My first two chases turned out to be disappointing as the storms failed to develop beyond ordinary thunderstorms.  Even the professional chasers from one of the research institutions, with their bright gleaming chase vehicles, gave up in disgust, as I saw them returning to Oklahoma City on Interstate 40  in a neat single-file convoy, just like the `baddies’ in Twister.

But on Friday 24th May, my third such chase, I met a full-on supercell for the very first time - actually two of them.  My eyes and ears for this endeavour was my colleague and friend Jerry Brennan, who from his home in Connecticut was able to monitor real time radar pictures from the Internet and convey the results to me by phone.

On the morning of 24th May, Jerry informed me of an internet report that a promising target area for that day would be Childress, Texas (see radar map downloaded by Jerry, Fig.1), so I drove down there from my temporary base (an old Route-66 motel in Clinton, Oklahoma) only to find lots of ordinary cumulus clouds in the sky stretched out in a fairly narrow band across the sky from north-northeast to south-southwest.  This was the so-called `Dry Line’, the breeding ground for supercell thunderstorms where dry air from the south-western desert collides with warm humid air from the Gulf of Mexico.  Other storm chasers also arrived in the town, presumably acting on the same information, almost turning the place into a storm chaser convention.   This was around 1 pm, and everyone was waiting around for the expected afternoon thunderstorms to develop.  I remember wondering what the local people thought with so many storm chasers in town.

We did not have long to wait.  One of those harmless-looking cumulus clouds started to get bigger and darker than the rest, the cloud churning and `boiling’ so rapidly that it looked more like a speeded-up movie.  Yet this was happening in real time.  Within half an hour I could hear faint rumblings of thunder coming from it.  Another half an hour and a cup of coffee later, I watched it hover over Childress, growing like some science fiction monster into a full-blown thunderstorm.  Hail started falling and lightning was coming from the cloud.  Then it started to move rapidly northeast, heading for Oklahoma.

Fig.1 - A radar view from Oklahoma City of the developing group of supercells

Fig.2 - Darkening sky

The chase was on!  

I followed it north on US-83, then turned east on US-62 to cross the Red River into Oklahoma, going in as close to the storm as I dared, but not so close as to get hit by the golf-ball sized hailstones (one hit me on the head and it hurt!), or become the target for one of the numerous bolts of lightning which were making random strikes all around the centre of the storm.  The precipitation came down in violent torrents, a mix of rain and hail.

Fig.3 - Faint outline of a tornado reaching to the ground

I was rewarded with two rare sights, a tornado barely visible through the gloom of hail and rain, descending at an angle to the ground about a mile away, and a bit later a `downburst’ where part of the storm had become so top-heavy that  it collapsed to the ground a mile from me.

Fortunately both events occurred out in the country well away from population.  Even in mid-afternoon, the sky was dark, so dark it was black in places, so dark that the automatic flash in my digital camera was firing off every time I took a photo.  The cloud base was very low, almost reaching the ground in some places.  This was due to the high altitude of the High Plains (thus their name).
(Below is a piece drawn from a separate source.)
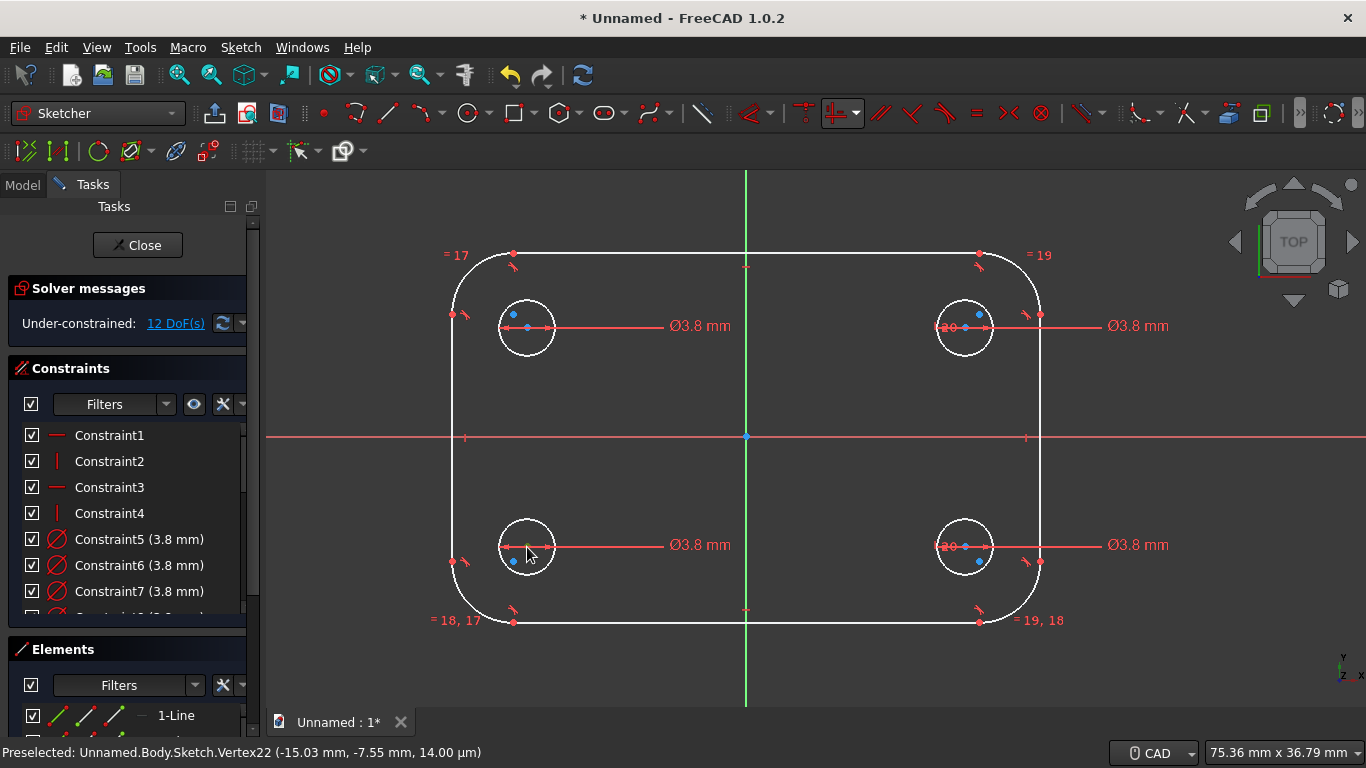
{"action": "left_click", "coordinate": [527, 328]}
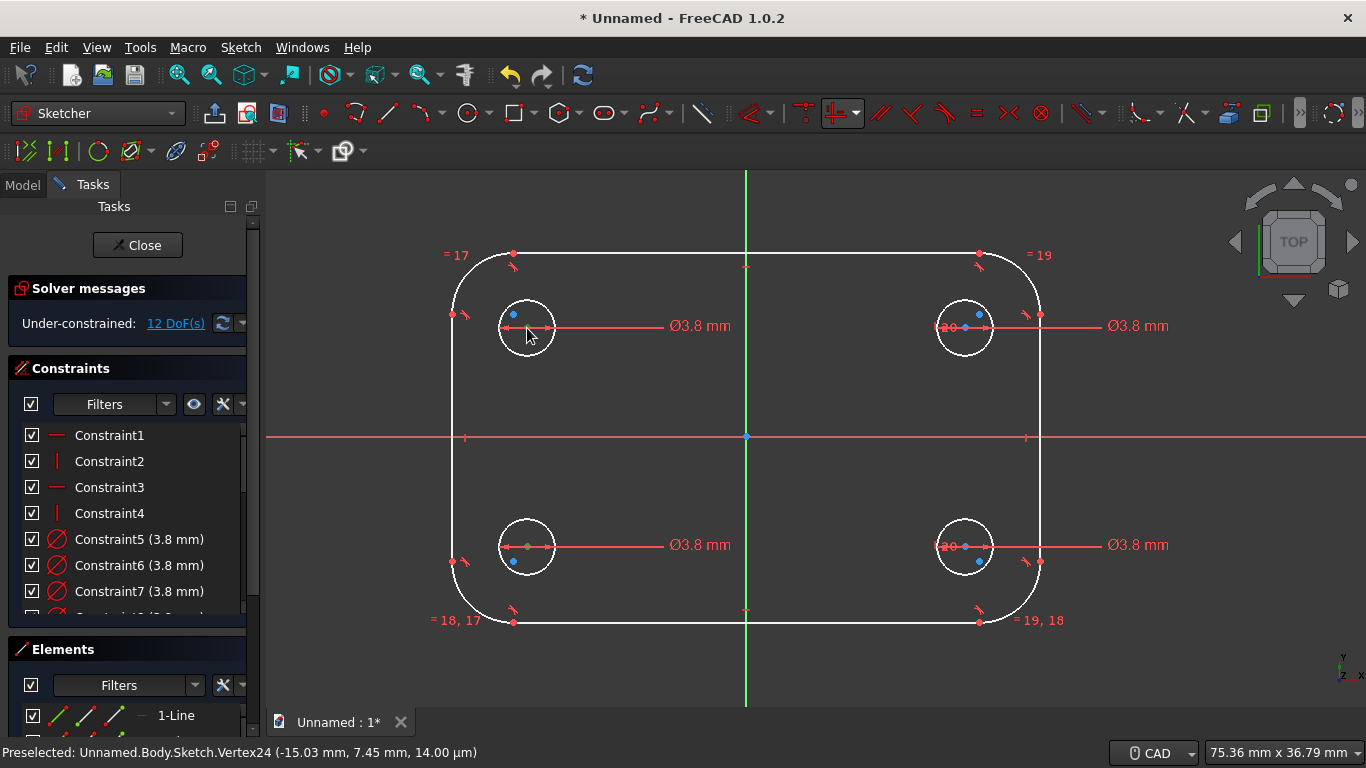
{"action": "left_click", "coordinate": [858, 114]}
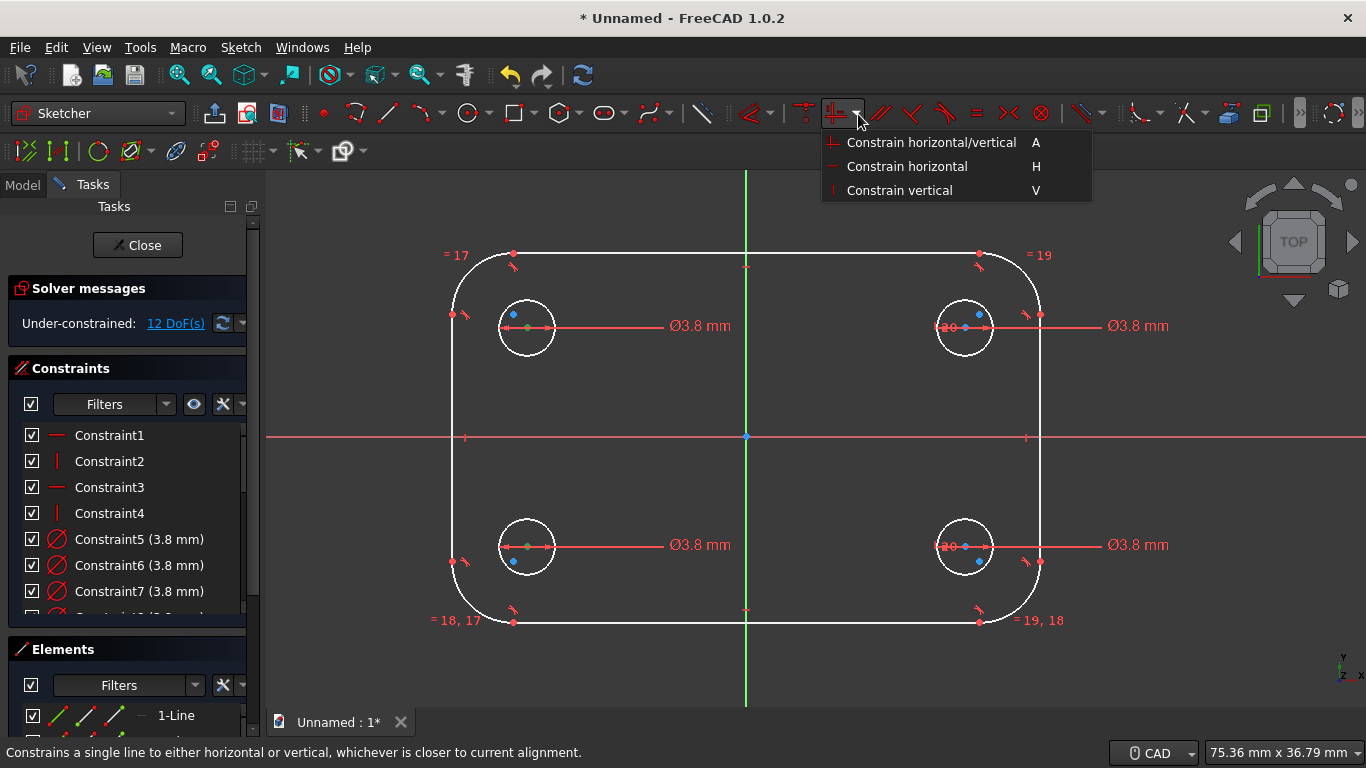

All this was definitely not like Twister!

Due to inexperience, I parked briefly on a country road (OK-30) north of Hollis, Oklahoma, observing the storm ahead, only to have a bolt of lightning hit the ground a few feet behind me – followed by a loud hissing sound from the instant boiling on the wet ground, This was also followed by a clap of thunder so loud that it felt like a grenade exploding in my rented car.

Fig.4 - A downburst falling (at the right)

Fig.5 - Other Storm Chasers

Startled, I saw the other chasers who were parked near me screech their tyres and speed away from me in the opposite direction.  I looked out my side window and saw why – a second supercell had formed behind the first one and had crept up the road un-noticed behind us, growing in power all the time, the same tell-tale rapid `boiling’ of the storm cloud.  Both myself and the other chasers had been so preoccupied with the first cell that we were caught out by the unexpected appearance of the second one.  It too was dumping large hail and throwing lightning bolts everywhere.

Fig.6 - Under the core

Looking up briefly, I saw the whole dark cloud mass of this second cell rotating a few hundred feet above my head, which meant I was right under the core of a rotating supercell.  Rotation is not good, not if you are directly beneath it !   It means a tornado or a downburst could crash down on you from above at any moment.  A quick click with the camera and I was out of there like a bat out of Hell, my car following the other chasers south on OK-30 who clearly saw the same danger.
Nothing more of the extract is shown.